Means you cannot exit after the first any-hit invocation and assume that was the first face along the ray direction.

Another issue is that the BVH could do splitting, which means that one primitive is contained in multiple AABBs and therefore could call into the any-hit program multiple times depending on the BVH traversal order.
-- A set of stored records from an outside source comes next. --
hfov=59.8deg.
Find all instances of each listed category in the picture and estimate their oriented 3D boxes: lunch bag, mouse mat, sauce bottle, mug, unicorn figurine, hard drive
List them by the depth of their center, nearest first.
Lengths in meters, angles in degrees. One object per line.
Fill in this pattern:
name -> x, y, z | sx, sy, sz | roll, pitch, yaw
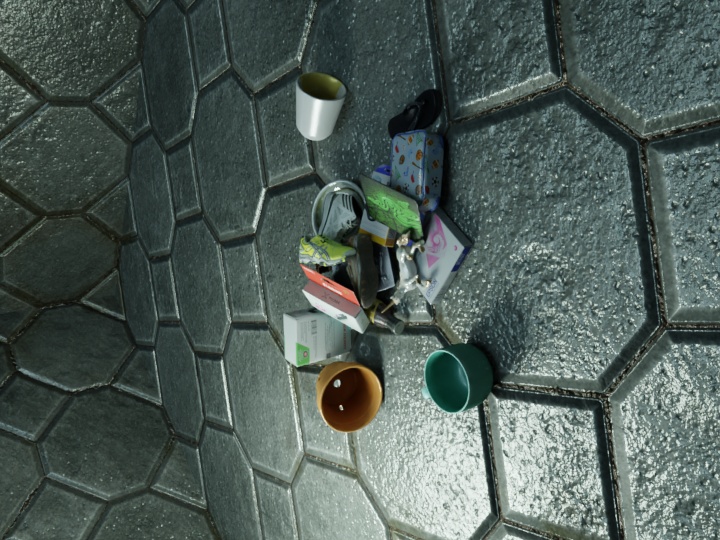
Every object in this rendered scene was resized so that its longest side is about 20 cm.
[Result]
mug -> 0.234, 0.251, 1.513 | 0.183, 0.112, 0.157 | 12, 107, 52
lunch bag -> 0.133, -0.248, 1.552 | 0.159, 0.074, 0.206 | 6, 91, 56
mouse mat -> 0.078, -0.153, 1.567 | 0.198, 0.008, 0.163 | 31, 153, 34
unicorn figurine -> 0.121, 0.008, 1.595 | 0.137, 0.072, 0.206 | 175, 99, -65
hard drive -> 0.011, -0.001, 1.771 | 0.196, 0.042, 0.139 | -14, 87, 32
sauce bottle -> 0.048, 0.116, 1.775 | 0.199, 0.065, 0.068 | 31, 121, 46
mug -> -0.117, -0.479, 1.838 | 0.147, 0.187, 0.155 | 25, 133, 10

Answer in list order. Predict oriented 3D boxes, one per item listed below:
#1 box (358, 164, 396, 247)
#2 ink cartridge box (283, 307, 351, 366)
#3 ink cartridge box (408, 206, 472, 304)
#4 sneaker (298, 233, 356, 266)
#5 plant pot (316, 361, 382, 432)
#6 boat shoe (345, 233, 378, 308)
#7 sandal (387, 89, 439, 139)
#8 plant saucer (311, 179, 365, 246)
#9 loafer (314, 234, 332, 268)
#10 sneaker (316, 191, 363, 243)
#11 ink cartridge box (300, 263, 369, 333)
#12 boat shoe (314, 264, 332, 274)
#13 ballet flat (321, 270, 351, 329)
box -> 0.064, -0.178, 1.689 | 0.118, 0.041, 0.205 | 27, 106, 47
ink cartridge box -> -0.131, 0.193, 1.922 | 0.083, 0.196, 0.150 | 16, 110, 52
ink cartridge box -> 0.174, -0.055, 1.588 | 0.201, 0.043, 0.199 | 52, 135, 31
sneaker -> -0.097, -0.058, 1.690 | 0.196, 0.075, 0.079 | 2, 104, 38
plant pot -> -0.048, 0.359, 1.871 | 0.140, 0.195, 0.206 | -154, 61, -66
boat shoe -> 0.000, 0.000, 1.716 | 0.071, 0.074, 0.206 | 3, 99, 49
sandal -> 0.129, -0.384, 1.574 | 0.199, 0.042, 0.078 | -30, 74, 52
plant saucer -> -0.052, -0.160, 1.830 | 0.196, 0.050, 0.206 | -2, 87, 31
loafer -> -0.056, -0.040, 1.880 | 0.201, 0.070, 0.073 | 52, 134, 9
sneaker -> -0.054, -0.116, 1.757 | 0.113, 0.075, 0.206 | 8, 90, 32
ink cartridge box -> -0.080, 0.080, 1.741 | 0.197, 0.044, 0.175 | 26, 160, 29
boat shoe -> -0.107, -0.021, 1.949 | 0.202, 0.066, 0.073 | 58, 138, 28
ballet flat -> -0.050, 0.086, 1.862 | 0.071, 0.072, 0.202 | -3, 125, 52
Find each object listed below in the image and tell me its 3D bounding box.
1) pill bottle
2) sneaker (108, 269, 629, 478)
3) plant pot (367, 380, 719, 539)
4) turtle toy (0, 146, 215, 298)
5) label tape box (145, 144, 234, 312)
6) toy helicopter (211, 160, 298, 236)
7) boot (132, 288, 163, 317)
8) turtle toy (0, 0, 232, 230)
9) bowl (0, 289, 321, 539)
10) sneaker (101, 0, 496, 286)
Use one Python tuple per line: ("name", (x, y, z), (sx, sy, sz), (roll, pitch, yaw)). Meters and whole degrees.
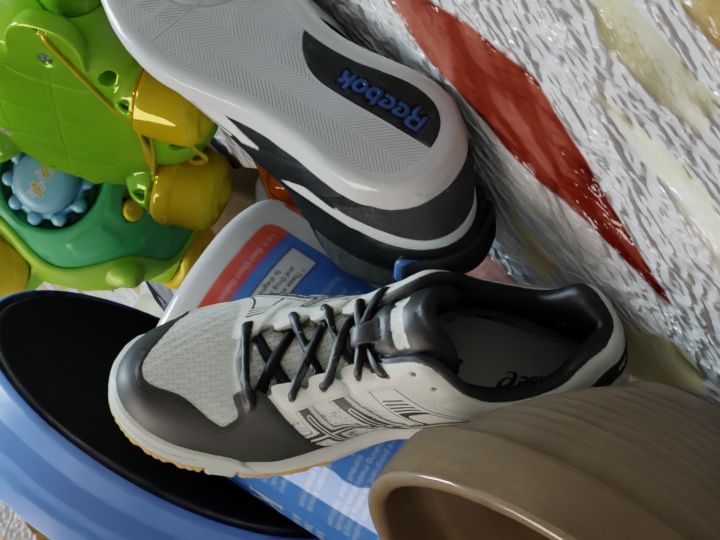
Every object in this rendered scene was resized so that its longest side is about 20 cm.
("pill bottle", (0.016, 0.066, 1.182), (0.200, 0.112, 0.112), (32, 165, 13))
("sneaker", (0.004, 0.029, 1.089), (0.088, 0.199, 0.076), (96, 170, -63))
("plant pot", (0.108, 0.107, 1.039), (0.201, 0.093, 0.201), (36, 161, 14))
("turtle toy", (-0.145, -0.072, 1.411), (0.200, 0.145, 0.101), (61, 142, 32))
("label tape box", (-0.042, 0.032, 1.517), (0.200, 0.063, 0.144), (46, 168, 27))
("toy helicopter", (0.000, 0.000, 1.285), (0.200, 0.079, 0.133), (23, 143, 46))
("boot", (-0.092, 0.102, 1.697), (0.200, 0.155, 0.073), (47, 168, 18))
("turtle toy", (-0.117, -0.107, 1.251), (0.145, 0.101, 0.200), (17, 153, 9))
("bowl", (-0.087, 0.075, 1.251), (0.200, 0.039, 0.201), (26, -161, -10))
("sneaker", (-0.028, -0.059, 1.143), (0.200, 0.073, 0.112), (42, 164, 33))
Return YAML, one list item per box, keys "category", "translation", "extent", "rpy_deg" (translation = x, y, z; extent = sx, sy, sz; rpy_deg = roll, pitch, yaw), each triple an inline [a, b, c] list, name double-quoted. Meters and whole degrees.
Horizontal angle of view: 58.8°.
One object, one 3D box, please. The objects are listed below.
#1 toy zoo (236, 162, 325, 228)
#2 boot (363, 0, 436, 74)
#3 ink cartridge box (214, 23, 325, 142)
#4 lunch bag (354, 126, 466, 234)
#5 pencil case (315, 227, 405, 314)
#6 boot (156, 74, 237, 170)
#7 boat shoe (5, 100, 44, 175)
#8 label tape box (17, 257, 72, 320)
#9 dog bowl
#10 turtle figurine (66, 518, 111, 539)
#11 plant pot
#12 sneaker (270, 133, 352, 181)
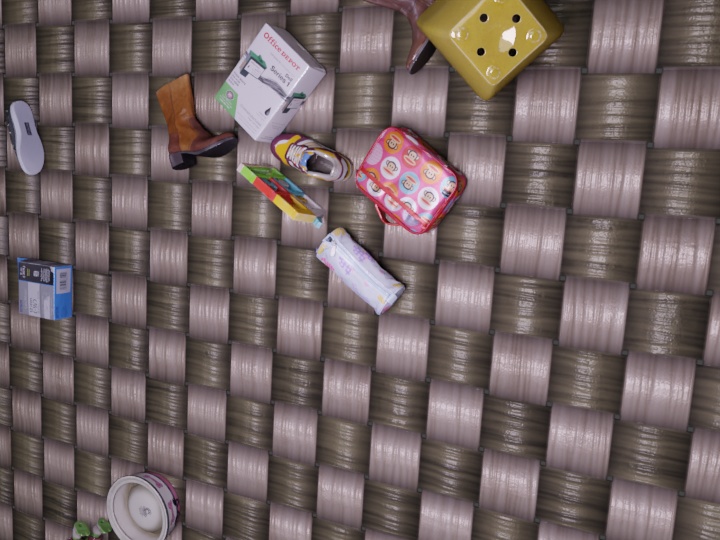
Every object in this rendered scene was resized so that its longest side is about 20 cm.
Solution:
- category: "toy zoo"
  translation: [-0.155, -0.159, 1.356]
  extent: [0.200, 0.131, 0.020]
  rpy_deg: [41, 110, 14]
- category: "boot"
  translation: [0.068, -0.505, 1.255]
  extent: [0.199, 0.064, 0.187]
  rpy_deg: [30, 94, 14]
- category: "ink cartridge box"
  translation: [-0.193, -0.399, 1.368]
  extent: [0.146, 0.084, 0.200]
  rpy_deg: [46, 111, 11]
- category: "lunch bag"
  translation: [0.091, -0.171, 1.282]
  extent: [0.200, 0.082, 0.176]
  rpy_deg: [42, 114, 15]
- category: "pencil case"
  translation: [0.000, 0.000, 1.332]
  extent: [0.200, 0.091, 0.083]
  rpy_deg: [44, 70, 11]
- category: "boot"
  translation: [-0.379, -0.354, 1.479]
  extent: [0.188, 0.068, 0.201]
  rpy_deg: [-15, 83, 31]
- category: "boat shoe"
  translation: [-0.889, -0.345, 1.686]
  extent: [0.056, 0.069, 0.201]
  rpy_deg: [-15, 85, 32]
- category: "label tape box"
  translation: [-0.873, 0.047, 1.723]
  extent: [0.199, 0.066, 0.144]
  rpy_deg: [7, 99, 21]
- category: "dog bowl"
  translation: [-0.554, 0.613, 1.650]
  extent: [0.199, 0.074, 0.201]
  rpy_deg: [3, 96, 23]
- category: "turtle figurine"
  translation: [-0.748, 0.782, 1.719]
  extent: [0.143, 0.200, 0.194]
  rpy_deg: [25, 104, -17]
- category: "plant pot"
  translation: [0.225, -0.412, 1.093]
  extent: [0.195, 0.200, 0.194]
  rpy_deg: [-40, 106, 23]
- category: "sneaker"
  translation: [-0.116, -0.243, 1.351]
  extent: [0.199, 0.090, 0.075]
  rpy_deg: [21, 104, 19]

Means counting of intersections inside the any-hit program is not trivial either.
Please have a look at the descriptions below OPTIX_GEOMETRY_FLAG_REQUIRE_SINGLE_ANYHIT_CALL here which addresses this.
https://raytracing-docs.nvidia.com/optix7/guide/index.html#acceleration_structures#primitive-build-inputs

Given your current example geometries are all convex, the easiest approach to skip the front faces for those would be to do front face culling which is a flag on the ray in OptiX 7.
Search the OptiX Programming Guide for OPTIX_RAY_FLAG_CULL_FRONT_FACING_TRIANGLES.

That alone would affect all geometries, but the face culling can be disabled at instance level though, means you could set OPTIX_INSTANCE_FLAG_DISABLE_TRIANGLE_FACE_CULLING for the opaque objects which would override the ray flag.
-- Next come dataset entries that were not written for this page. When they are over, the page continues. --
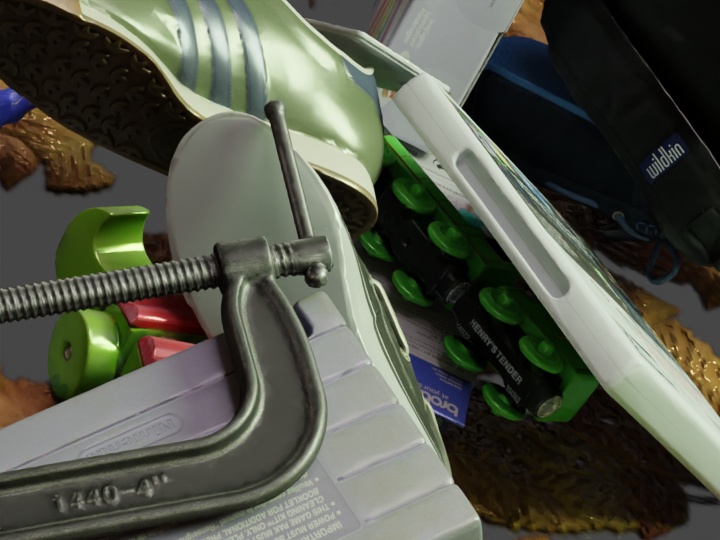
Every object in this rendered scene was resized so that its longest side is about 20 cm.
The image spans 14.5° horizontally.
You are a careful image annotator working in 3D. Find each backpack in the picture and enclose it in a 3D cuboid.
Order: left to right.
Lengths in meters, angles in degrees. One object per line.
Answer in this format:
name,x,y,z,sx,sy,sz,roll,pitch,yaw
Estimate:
backpack,0.187,-0.126,1.341,0.190,0.200,0.154,39,32,24

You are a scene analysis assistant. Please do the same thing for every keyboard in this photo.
keyboard,-0.032,-0.109,1.320,0.056,0.011,0.200,37,-10,-32

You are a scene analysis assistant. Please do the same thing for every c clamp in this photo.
c clamp,-0.097,0.028,1.066,0.200,0.027,0.171,-14,58,-14

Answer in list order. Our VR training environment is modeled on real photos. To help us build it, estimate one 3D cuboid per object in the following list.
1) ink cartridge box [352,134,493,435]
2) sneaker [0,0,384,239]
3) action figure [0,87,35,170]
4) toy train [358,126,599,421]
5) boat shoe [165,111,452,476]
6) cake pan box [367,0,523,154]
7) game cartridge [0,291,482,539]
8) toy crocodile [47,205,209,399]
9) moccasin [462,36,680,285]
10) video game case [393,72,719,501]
ink cartridge box,0.000,0.000,1.282,0.119,0.042,0.200,25,31,-8
sneaker,-0.073,-0.093,1.206,0.200,0.067,0.090,29,50,-22
action figure,-0.187,-0.068,1.224,0.200,0.052,0.065,-19,51,-42
toy train,0.036,-0.009,1.254,0.056,0.042,0.200,4,40,-50
boat shoe,-0.020,0.029,1.159,0.064,0.071,0.200,-34,100,-81
cake pan box,0.065,-0.175,1.385,0.052,0.200,0.184,26,23,-9
game cartridge,-0.070,0.096,1.045,0.200,0.038,0.130,-23,60,-18
toy crocodile,-0.077,0.056,1.132,0.067,0.062,0.200,7,40,-30
moccasin,0.141,-0.047,1.425,0.200,0.068,0.080,32,33,9
video game case,0.103,0.017,1.262,0.182,0.023,0.200,56,8,33

But if you need to handle concave shapes as well, the continuation ray would be the most robust approach to process intersections in order.

1 Like

Thanks for the reply, explains it all!

Thing is the geometry could really have any shape and be convex, concave or single faced so OPTIX_RAY_FLAG_CULL_FRONT_FACING_TRIANGLES would probably not work. Sorry for not clarifying.

I guess I’ll stay with the continuation ray then (I’m assuming you’re referring to my second approach).
Would you have any suggestions on a more efficient implementation of this? Here’s my full closest hit program at the moment:

  extern "C" __global__ void __closesthit__radiance()
  {
	  const TriangleMeshSBTData &sbtData
		  = *(const TriangleMeshSBTData*)optixGetSbtDataPointer();

	  const int   primID = optixGetPrimitiveIndex();
	  const vec3i index = sbtData.index[primID];
	  const vec3f rayDir = optixGetWorldRayDirection();

	  vec3f &prd = *(vec3f*)getPRD<vec3f>();


	  // compute if window is transparent

	  if (sbtData.transparent && getPayloadWindow() < 1)
	  {
		  const float u = optixGetTriangleBarycentrics().x;
		  const float v = optixGetTriangleBarycentrics().y;

		  const vec3f surfPos
			  = (1.f - u - v) * sbtData.vertex[index.x]
			  + u * sbtData.vertex[index.y]
			  + v * sbtData.vertex[index.z];

		  vec3f pixelColorPRD = vec3f(0.f);
		  uint32_t u0, u1, u2;
		  packPointer(&pixelColorPRD, u0, u1);
		  u2 = getPayloadWindow() + 1;

		  optixTrace(optixLaunchParams.traversable,
			  surfPos + 1e-3f * rayDir,
			  rayDir,
			  0.f,    // tmin
			  1e20f,  // tmax
			  0.0f,   // rayTime
			  OptixVisibilityMask( 255 ),
			  OPTIX_RAY_FLAG_DISABLE_ANYHIT,//OPTIX_RAY_FLAG_NONE,
			  SURFACE_RAY_TYPE,             // SBT offset
			  RAY_TYPE_COUNT,               // SBT stride
			  SURFACE_RAY_TYPE,             // missSBTIndex 
			  u0, u1, u2);

		  prd = pixelColorPRD;
	  }
	  else
	  {

	  //temporary simple shading

	  const vec3f &A     = sbtData.vertex[index.x];
	  const vec3f &B     = sbtData.vertex[index.y];
	  const vec3f &C     = sbtData.vertex[index.z];
	  const vec3f Ng     = normalize(cross(B-A,C-A));

	  const float cosDN  = 0.5f + .5f*fabsf(dot(rayDir,Ng));

	  prd = cosDN * sbtData.color;
	  }
  }

Worth mentioning that I might in the future set the transparent geometry hitcount to something larger than 1.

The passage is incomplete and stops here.